Of course this hurt, it hurt a lot.  And I didn’t understand it.  For several months I reeled in pain and confusion and anger.  I was totally unproductive, applying for many jobs and being denied even an interview.  Then I applied for the lowest skill jobs I could find, I received a few interviews but I wasn’t hired.  Spirling into a vortex of negativity I made one last push towards the light and contacted an employment agency.  Unbelievably, the counsellor assigned to me was an incredible employment coach who I had actually met at least ten years prior at a different agency and immediately remembered him as someone who was generous, knowledgeable and personable; and very good at his job.  I was elated he agreed to be my coach. 

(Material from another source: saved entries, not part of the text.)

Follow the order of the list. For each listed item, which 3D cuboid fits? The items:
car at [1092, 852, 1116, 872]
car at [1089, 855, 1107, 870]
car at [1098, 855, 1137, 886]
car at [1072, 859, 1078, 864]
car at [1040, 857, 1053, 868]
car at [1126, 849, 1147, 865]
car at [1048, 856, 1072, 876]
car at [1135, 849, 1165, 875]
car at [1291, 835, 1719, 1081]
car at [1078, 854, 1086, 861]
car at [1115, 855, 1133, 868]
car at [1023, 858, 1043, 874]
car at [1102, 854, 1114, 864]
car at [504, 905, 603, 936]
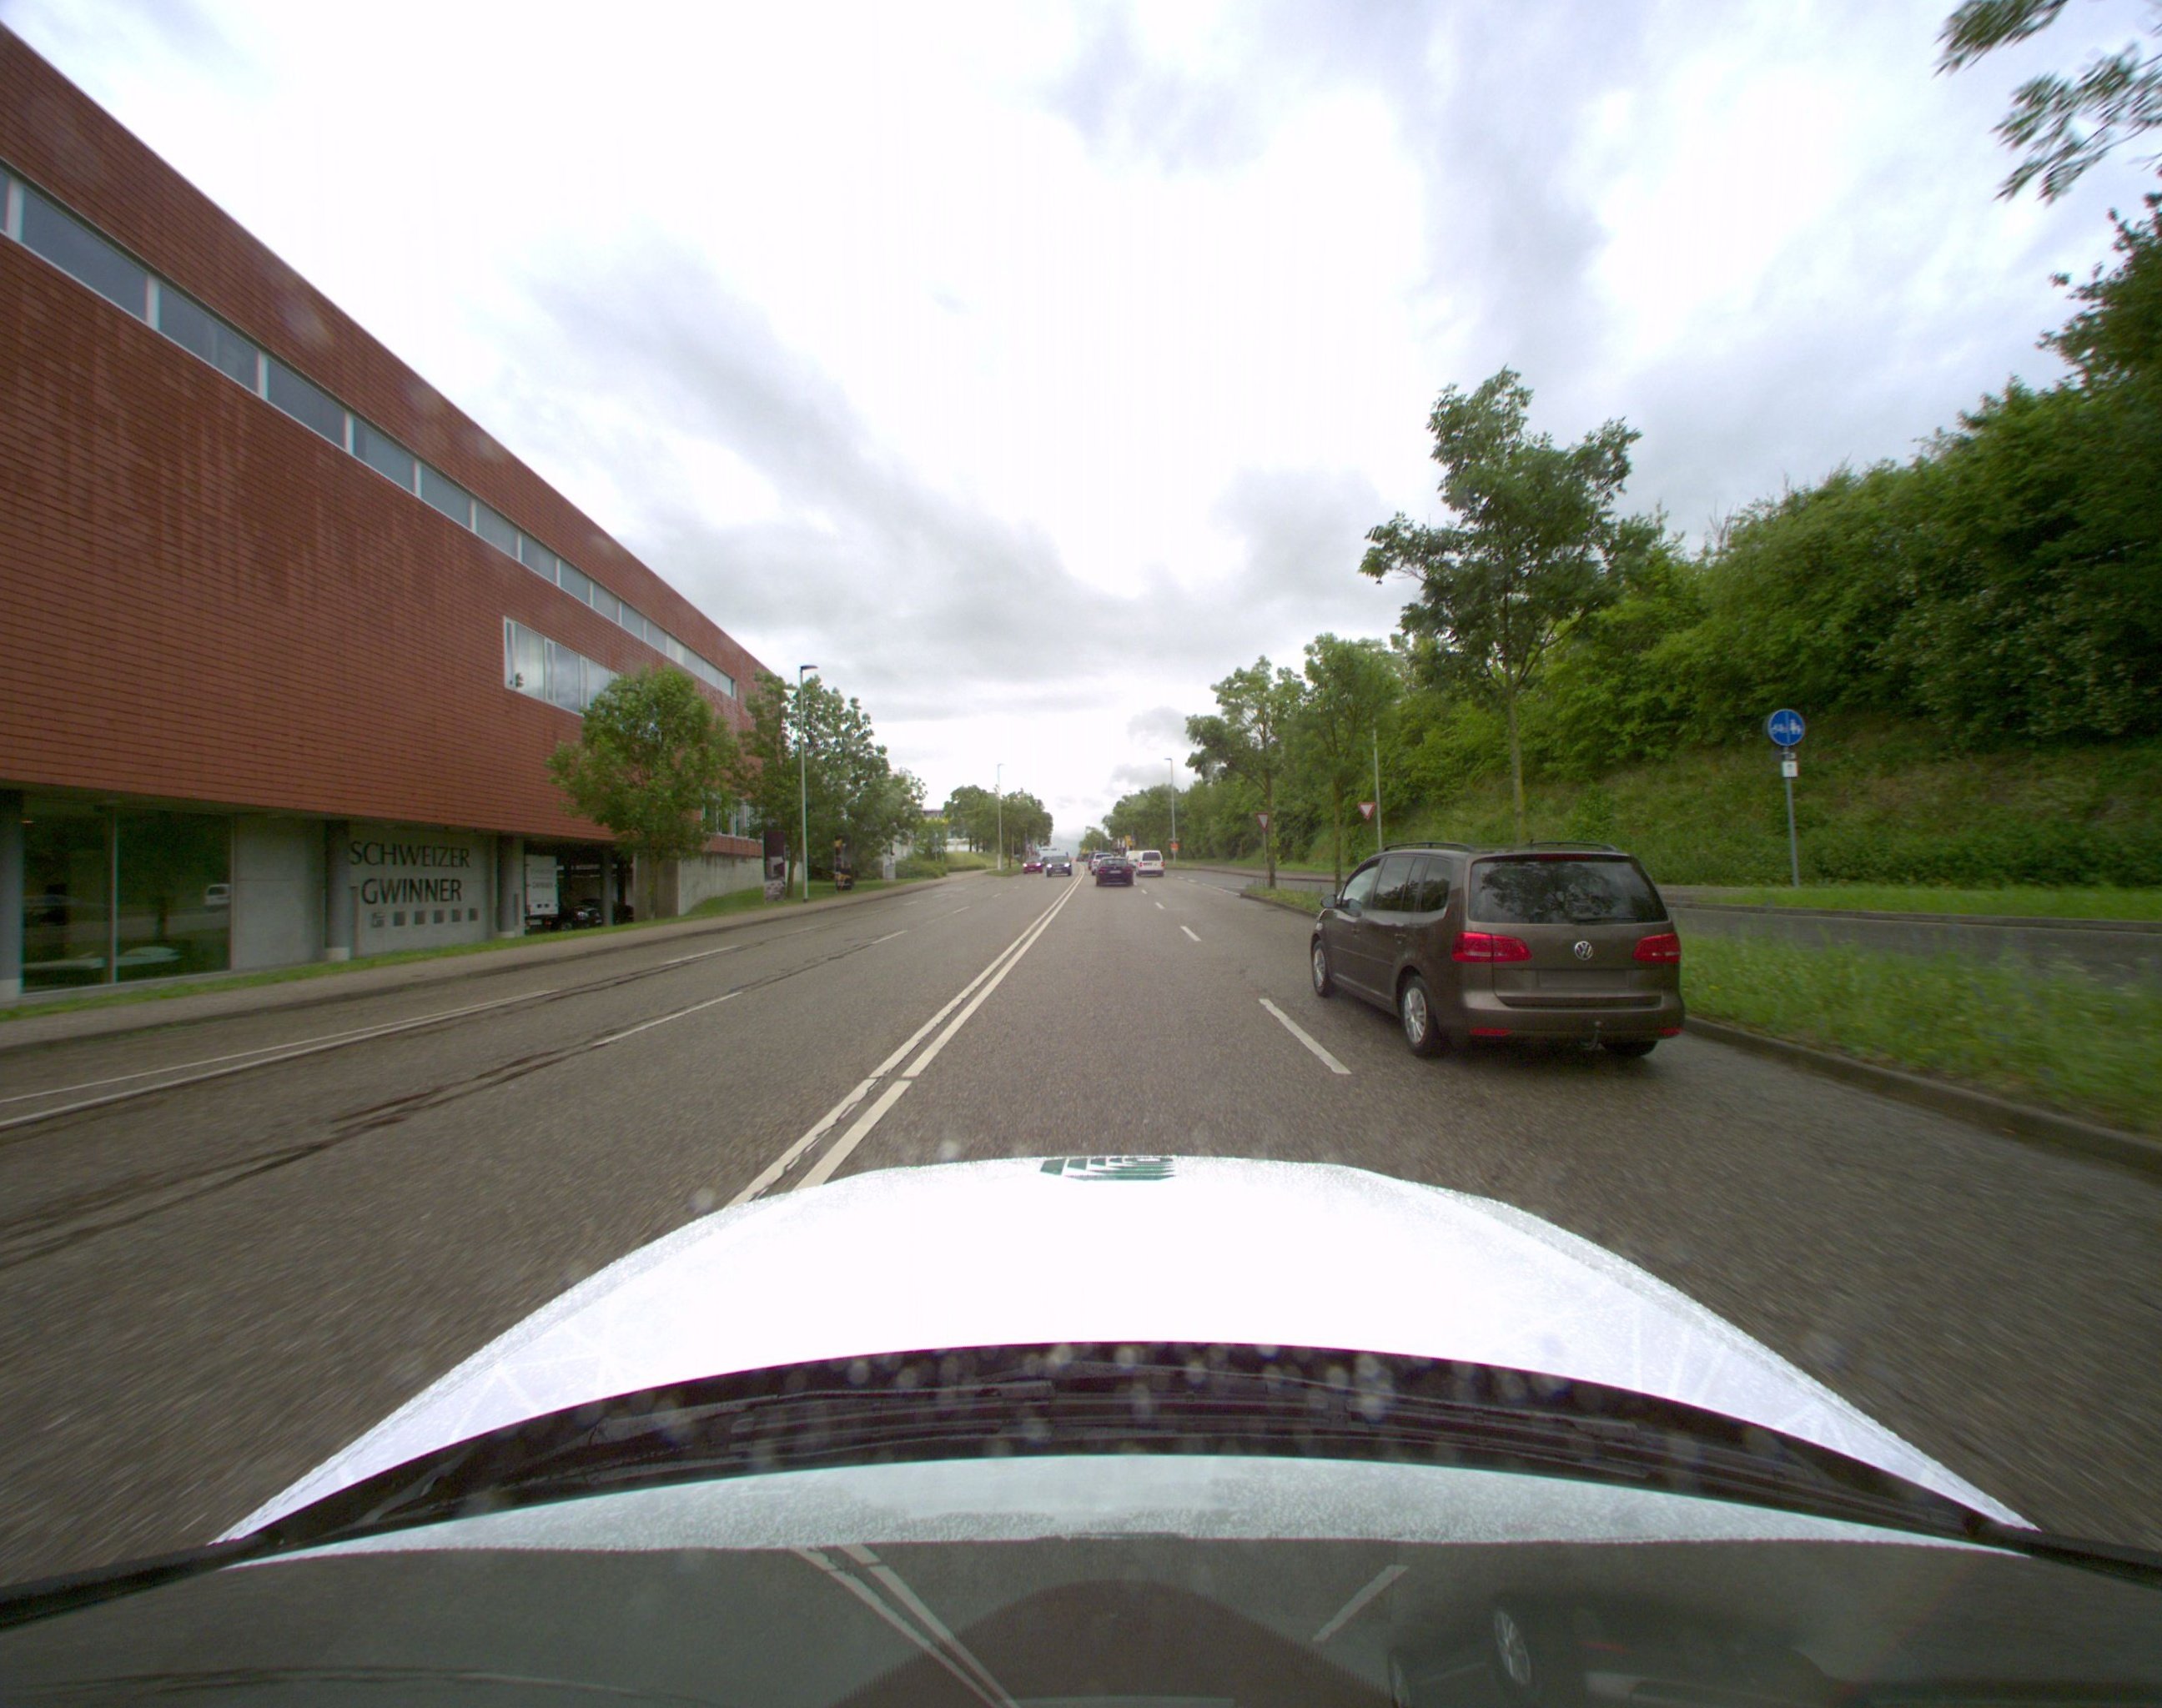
[{"bbox_3d":[1.774,0.636,62.844,1.788,1.510,4.000,0,-1,1],"label":"car"},{"bbox_3d":[1.776,0.873,82.989,1.787,1.510,4.001,0,-1,2],"label":"car"},{"bbox_3d":[1.851,0.794,41.260,1.820,1.468,4.002,-1,0,2],"label":"car"},{"bbox_3d":[-1.815,2.126,237.876,1.788,1.510,3.999,0,-1,0],"label":"car"},{"bbox_3d":[-4.875,1.195,115.293,1.789,1.510,3.997,0,-1,-1],"label":"car"},{"bbox_3d":[5.296,0.321,78.358,1.788,1.510,4.000,0,-1,1],"label":"car"},{"bbox_3d":[-1.635,0.937,63.957,1.789,1.510,3.997,0,-1,-1],"label":"car"},{"bbox_3d":[4.750,0.526,56.423,1.821,1.759,4.001,0,0,1],"label":"car"},{"bbox_3d":[3.302,0.677,7.398,1.680,1.581,4.217,0,0,0],"label":"car"},{"bbox_3d":[0.187,0.873,186.414,1.788,1.510,3.999,0,-1,0],"label":"car"},{"bbox_3d":[4.857,0.855,93.194,1.789,1.510,3.997,0,-1,-1],"label":"car"},{"bbox_3d":[-4.721,1.209,80.949,1.789,1.510,3.997,0,-1,-1],"label":"car"},{"bbox_3d":[4.201,0.850,125.654,1.787,1.510,4.001,0,-1,2],"label":"car"},{"bbox_3d":[-23.624,2.951,36.529,3.520,1.284,1.522,0,-1,4],"label":"car"}]

It started with me sending him my resume and portfolio.  I sent him so many pages he needed a week to get through them–I included the training manuals, cautionary notes, a telephone greeting, sales letters, email exchanges with my boss regarding the marketing ideas I came up with, copies of guest reviews, and my creative writing portfolio.  He was impressed.  It didn’t take long for my employment coach to ask me if I really did all those things for seventeen dollars an hour.  When I confirmed, he told me it was management material.  I finally understood why I was let go, my boss was worried I would try to take over her job as she had succeeded in replacing her boss approximately four years prior.

At first, I was in awe of what my counsellor said.  Then, I say sheepishly, I got a bit of a swagger to my step, then I settled into reality . . . I realized with hard work I could achieve good results.  I started applying for better jobs than I had previously, actually good jobs that I would be proud to tell others about.  And, believe it or not, I got interviews.  No, the jobs were not offered to me at first, I had to learn to interview.  The game changer was a little Alberta Health Services temporary job that I applied for and successfully navigated through the first interview.  At the close of the second interview I was pretty much told I didn’t get the job because I was not a certain visible minority, but the interviewer offered to pass my resume on and told me I was qualified to apply for higher level jobs, including management.  She also told me I interviewed very well. Greatly encouraged, I made a call to my favorite employment counsellor and he told me he was just starting a new position in Alberta Health Services in the talent acquisition field–he deserved a lofty position.  He offered to push my resume through as well.  

So . . . we do get back what we put out, just it’s not always the people we do the work for who reward us.  The key is to have a good attitude.